DATA FOR ANALYSIS section start

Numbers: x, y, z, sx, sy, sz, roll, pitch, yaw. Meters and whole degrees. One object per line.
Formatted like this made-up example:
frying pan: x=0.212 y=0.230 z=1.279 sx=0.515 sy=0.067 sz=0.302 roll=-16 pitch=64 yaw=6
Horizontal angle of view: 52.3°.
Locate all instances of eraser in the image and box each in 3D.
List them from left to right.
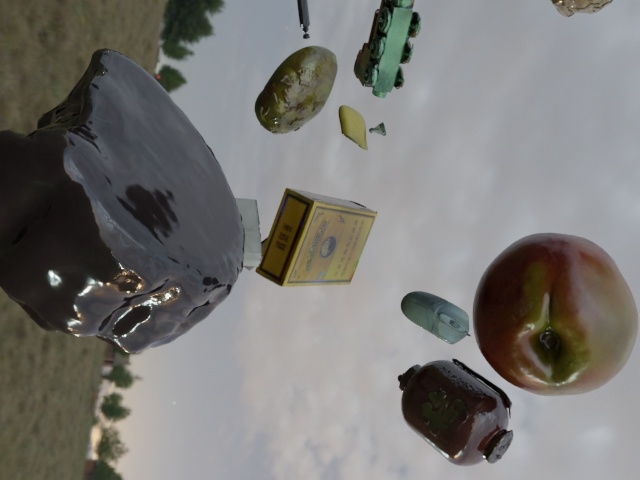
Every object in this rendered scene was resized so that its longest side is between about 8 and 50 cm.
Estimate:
eraser: x=-0.222 y=-0.024 z=1.137 sx=0.157 sy=0.230 sz=0.038 roll=-102 pitch=-159 yaw=-49

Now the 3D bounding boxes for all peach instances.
peach: x=0.437 y=0.132 z=1.212 sx=0.332 sy=0.308 sz=0.307 roll=-28 pitch=142 yaw=-54

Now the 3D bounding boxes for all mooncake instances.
mooncake: x=-0.260 y=-0.040 z=0.845 sx=0.212 sy=0.350 sz=0.381 roll=-37 pitch=-167 yaw=20

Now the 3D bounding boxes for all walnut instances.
walnut: x=0.620 y=-0.632 z=1.546 sx=0.198 sy=0.245 sz=0.198 roll=9 pitch=-73 yaw=32

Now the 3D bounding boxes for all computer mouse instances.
computer mouse: x=0.344 y=0.225 z=1.929 sx=0.113 sy=0.229 sz=0.068 roll=-61 pitch=167 yaw=-13

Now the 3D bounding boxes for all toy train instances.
toy train: x=0.109 y=-0.333 z=1.092 sx=0.118 sy=0.074 sz=0.175 roll=-108 pitch=-156 yaw=-50

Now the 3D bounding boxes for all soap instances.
soap: x=0.086 y=-0.298 z=1.731 sx=0.033 sy=0.089 sz=0.168 roll=-48 pitch=-151 yaw=40

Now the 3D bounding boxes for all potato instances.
potato: x=-0.060 y=-0.420 z=1.816 sx=0.298 sy=0.176 sz=0.141 roll=-48 pitch=-128 yaw=-7

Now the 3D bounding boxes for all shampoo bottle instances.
shampoo bottle: x=-0.046 y=-0.623 z=1.790 sx=0.048 sy=0.027 sz=0.137 roll=-64 pitch=154 yaw=-49

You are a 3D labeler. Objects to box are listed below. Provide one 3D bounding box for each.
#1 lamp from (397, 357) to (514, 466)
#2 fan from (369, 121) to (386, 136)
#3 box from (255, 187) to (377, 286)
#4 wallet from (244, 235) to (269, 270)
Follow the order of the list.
lamp: x=0.271 y=0.340 z=1.324 sx=0.258 sy=0.180 sz=0.180 roll=36 pitch=-60 yaw=38
fan: x=0.162 y=-0.315 z=1.863 sx=0.193 sy=0.016 sz=0.038 roll=-122 pitch=-164 yaw=-81
box: x=0.000 y=0.000 z=1.443 sx=0.084 sy=0.301 sz=0.192 roll=25 pitch=-80 yaw=28
wallet: x=-0.142 y=0.020 z=1.783 sx=0.026 sy=0.176 sz=0.095 roll=56 pitch=4 yaw=21
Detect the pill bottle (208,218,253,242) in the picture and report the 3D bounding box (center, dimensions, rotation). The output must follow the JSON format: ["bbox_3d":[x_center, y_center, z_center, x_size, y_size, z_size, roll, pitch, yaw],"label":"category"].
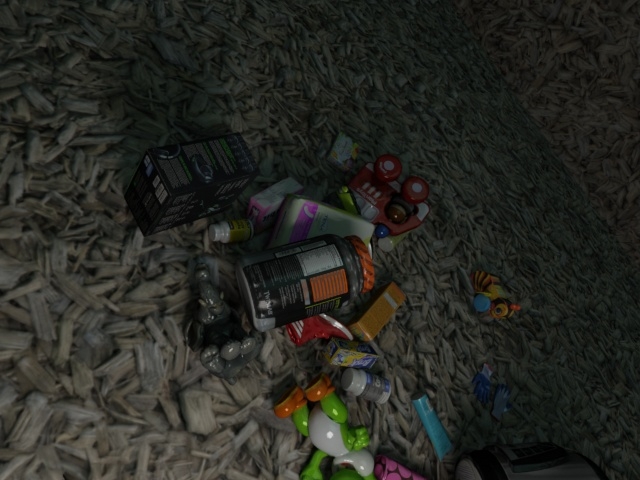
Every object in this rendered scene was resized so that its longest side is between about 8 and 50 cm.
[{"bbox_3d":[-0.256,-0.027,1.321,0.116,0.065,0.065,-8,72,-38],"label":"pill bottle"}]

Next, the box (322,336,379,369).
[{"bbox_3d":[0.091,0.332,1.353,0.169,0.059,0.054,20,19,-40],"label":"box"}]

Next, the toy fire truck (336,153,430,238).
[{"bbox_3d":[0.229,-0.139,1.660,0.302,0.169,0.254,40,69,3],"label":"toy fire truck"}]

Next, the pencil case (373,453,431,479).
[{"bbox_3d":[0.232,0.688,1.295,0.209,0.095,0.098,35,78,-14],"label":"pencil case"}]

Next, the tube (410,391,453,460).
[{"bbox_3d":[0.355,0.584,1.463,0.080,0.052,0.207,-26,89,-36],"label":"tube"}]

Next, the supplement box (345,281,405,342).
[{"bbox_3d":[0.179,0.232,1.494,0.080,0.078,0.233,50,48,-4],"label":"supplement box"}]

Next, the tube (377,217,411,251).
[{"bbox_3d":[0.294,-0.038,1.732,0.240,0.062,0.070,-42,129,-45],"label":"tube"}]

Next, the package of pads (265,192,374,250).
[{"bbox_3d":[0.000,0.000,1.399,0.297,0.101,0.229,19,96,-28],"label":"package of pads"}]

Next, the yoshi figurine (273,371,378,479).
[{"bbox_3d":[0.032,0.540,1.171,0.203,0.203,0.362,-32,90,-25],"label":"yoshi figurine"}]

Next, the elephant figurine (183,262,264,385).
[{"bbox_3d":[-0.260,0.209,1.151,0.239,0.186,0.169,49,6,29],"label":"elephant figurine"}]

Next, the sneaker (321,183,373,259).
[{"bbox_3d":[0.095,-0.036,1.559,0.111,0.121,0.300,-60,128,-73],"label":"sneaker"}]

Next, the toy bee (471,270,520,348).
[{"bbox_3d":[0.700,0.245,1.807,0.195,0.162,0.298,-10,74,-41],"label":"toy bee"}]

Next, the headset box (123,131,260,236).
[{"bbox_3d":[-0.329,-0.150,1.211,0.283,0.246,0.131,-23,83,-40],"label":"headset box"}]

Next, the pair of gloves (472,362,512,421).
[{"bbox_3d":[0.632,0.558,1.689,0.198,0.023,0.159,47,49,-5],"label":"pair of gloves"}]

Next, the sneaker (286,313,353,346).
[{"bbox_3d":[-0.014,0.273,1.351,0.221,0.087,0.128,38,67,-12],"label":"sneaker"}]

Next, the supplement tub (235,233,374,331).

DATA FOR ANALYSIS section end

TASK GOAL: Search the entries above for the string "from". Copy each line that holds it.

PROBLEM SOLUTION:
List them from left to right.
#1 lamp from (397, 357) to (514, 466)
#2 fan from (369, 121) to (386, 136)
#3 box from (255, 187) to (377, 286)
#4 wallet from (244, 235) to (269, 270)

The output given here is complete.